The Senate Judiciary Committee will kick off its own debate Tuesday over the reauthorization and reform of portions of the Federal Intelligence Surveillance Act that are set to expire at the end of this year. Section 702 of the FISA Amendments gives U.S. intelligence agencies the authority to intercept and store the communications of non-U.S. persons outside of the United States while allowing for the incidental collection of some data on U.S. citizens. Its backers in Congress say the program is vital for protecting national security, but other lawmakers worry the program is overbroad in its collection of Americans’ communications and may violate the civil liberties of U.S. citizens.
The Senate Intelligence Committee held a hearing on the subject this month, but discussion concerning the investigation of ties between the Trump campaign and Russia largely drowned out any meaningful discussion of the program. Sen. Tom Cotton, one member of the Intelligence panel, has introduced legislation pushing for a clean FISA reauthorization without reforms.
The House Judiciary Committee is set to take a closer look at recent trends in international antitrust enforcement Thursday, with the focus almost certainly to be on the European Union’s increasing crackdown on U.S. tech companies operating on the continent. The European Commission’s antitrust division has recently filed several antitrust complaints against Google, Amazon, and Apple, which many U.S. lawmakers view as overzealous. Capitol Hill was particularly incensed by last year’s $14.5 billion fine that the commission slapped on Apple last year over allegedly unpaid back taxes to Ireland. The committee’s hearing on the subject was originally scheduled for May.
The House Transportation and Infrastructure Committee will vote on a Federal Aviation Administration authorization bill Tuesday, making another bid to fulfill chairman Bill Shuster’s goal of spinning off the nation’s air-traffic controllers from government control. Shuster’s bill, released last week, would create an independent air-traffic-control board and has recruited support from two Democrats and Republican Sam Graves, who previously opposed Shuster’s bill over its impact on rural airports. Shuster has said the bill could move to the floor in July, although the air-traffic-control plan may still face skepticism from appropriators who worry about losing oversight of the safety program.

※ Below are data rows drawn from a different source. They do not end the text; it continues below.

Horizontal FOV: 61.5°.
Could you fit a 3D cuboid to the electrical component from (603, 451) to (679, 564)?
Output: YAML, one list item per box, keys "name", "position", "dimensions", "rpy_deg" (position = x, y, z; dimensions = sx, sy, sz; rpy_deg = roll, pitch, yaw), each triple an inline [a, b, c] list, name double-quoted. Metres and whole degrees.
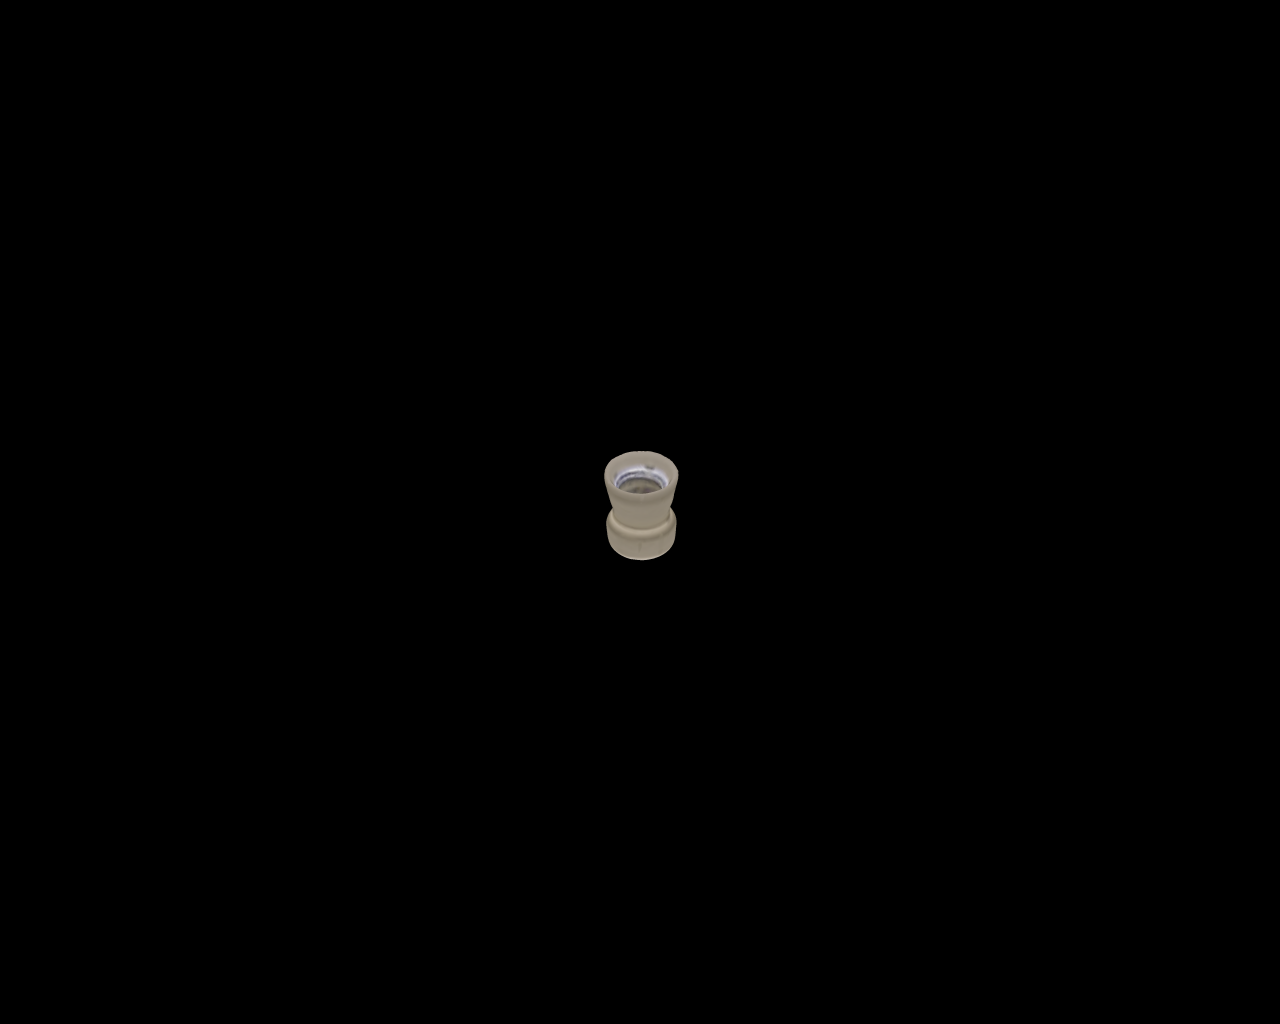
- name: "electrical component"
  position: [0.001, -0.003, 0.650]
  dimensions: [0.045, 0.055, 0.045]
  rpy_deg: [0, 39, 0]
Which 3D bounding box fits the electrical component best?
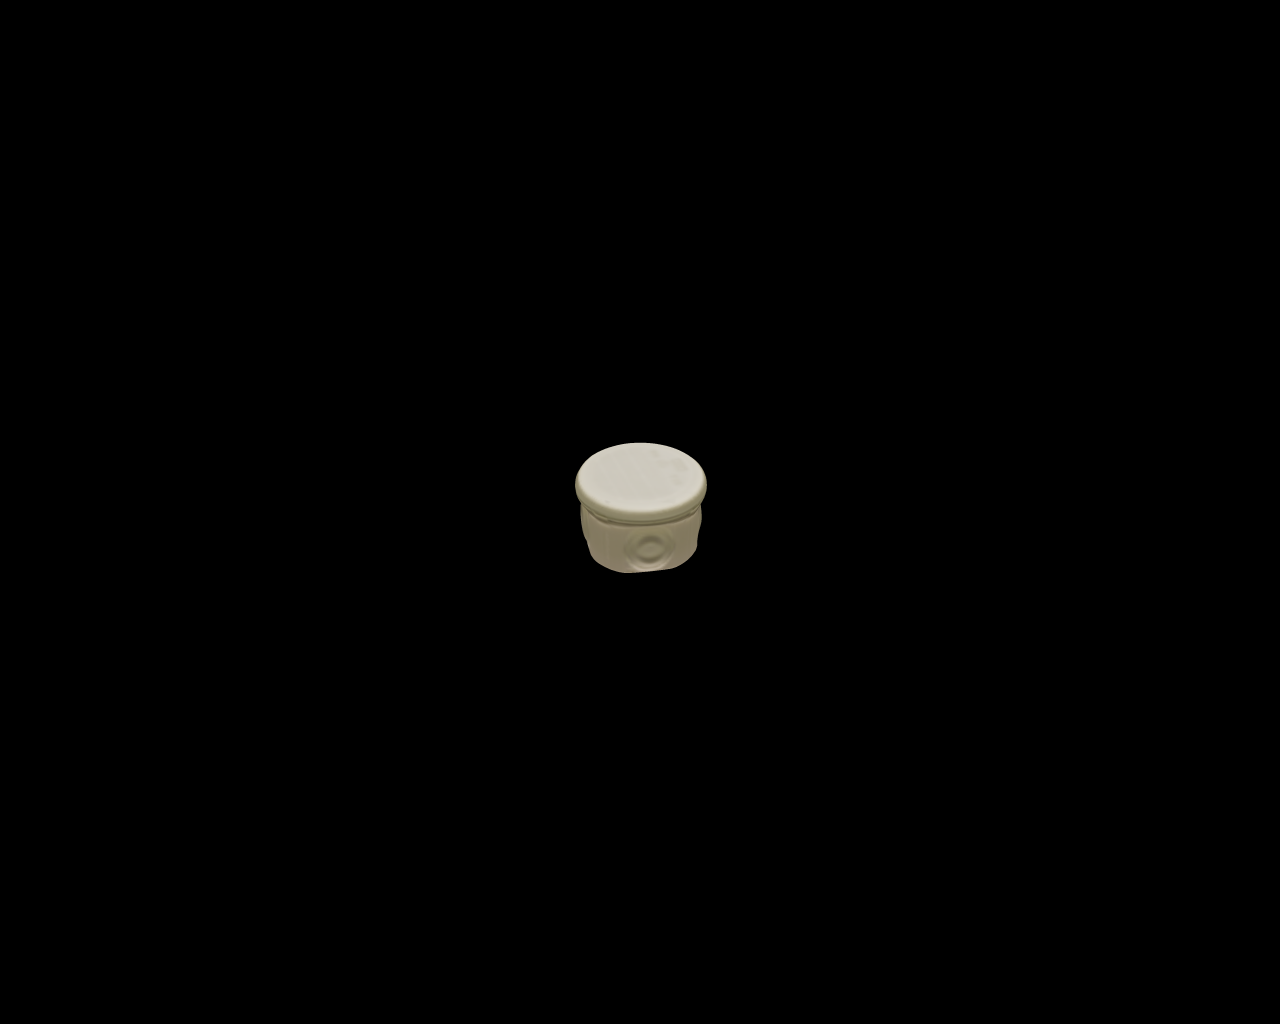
[{"bbox_3d":[0.001,-0.003,0.650,0.080,0.050,0.080,0,35,0],"label":"electrical component"}]

The House Energy and Commerce Committee will work through a package of 14 draft bills to help regulate self-driving vehicles, including measures that would allow the federal government to supersede state laws and information on data sharing. The Tuesday markup in the Digital Commerce and Consumer Protection subcommittee marks the first significant move by Congress to pass legislation on the rapidly advancing technology.
Trump’s week will be dominated by domestic energy issues and meetings with foreign leaders. He will hold energy events on Wednesday and Thursday. On Monday, he meets with Indian Prime Minister Narenda Modi. On Thursday, he will have dinner with South Korean President Moon Jae-in before meetings between the two leaders on Friday. On Wednesday, he will also attend a Republican National Committee dinner.